The union has not held meetings to discuss the demands of workers because it is not negotiating on their behalf, but on behalf of corporate management. Management dictated the last four contracts.

The brutal working conditions and low pay that Frito-Lay workers are rebelling against are the consequences of a series of concessionary contracts rammed through by the BCTGM. In multiple interviews and videos, BCTGM leaders admitted that many workers have not seen any raise in six to eight years.

The BCTGM avoided a strike for as long as possible, extending the previous agreement by approximately nine months before mounting pressure from workers forced them to call the first strike at the plant in nearly 50 years.

To win a decent contract workers must take negotiations out of the hands of the BCTGM and put it under the control of rank-and-file workers. This requires the formation of a Frito-Lay Rank-and-File Committee.

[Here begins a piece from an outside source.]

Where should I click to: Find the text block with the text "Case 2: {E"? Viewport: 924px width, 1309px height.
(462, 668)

A rank-and-file committee should formulate demands based on what workers need, not on what the BCTGM and Frito-Lay say workers must accept. This should include, at minimum, contract negotiations broadcast live to all workers. Striking workers must be able to listen to the discussions being held between the union and the company and be able to participate in them.

Moreover, for workers to sustain themselves during the strike workers must be able to afford health care, groceries, pay their mortgages and meet other expenses. This requires that strike pay be increased to a level based on workers normal income.

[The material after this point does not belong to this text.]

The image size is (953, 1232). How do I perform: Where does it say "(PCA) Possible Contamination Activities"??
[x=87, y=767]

The struggle at Frito-Lay is part of a growing wave of strikes in the US and internationally. From recently striking Volvo Trucks workers in Virginia, Warrior Met coal miners in Alabama to striking food delivery workers in Berlin, workers are fighting for improvements in their working conditions and higher living standards in the face of bitter opposition by employers and the unions.

To successfully pursue their fight against Frito-Lay, a subsidiary of PepsiCo., a multibillion-dollar international corporation with factories across the world, workers need an international strategy. A rank-and-file committee must seek to link up Frito-Lay workers with workers at other factories and workplaces in Kansas, across the United States and PepsiCo facilities globally.

We urge workers at Frito-Lay to take up this fight and build the Frito-Lay Workers Rank-and-File Committee today.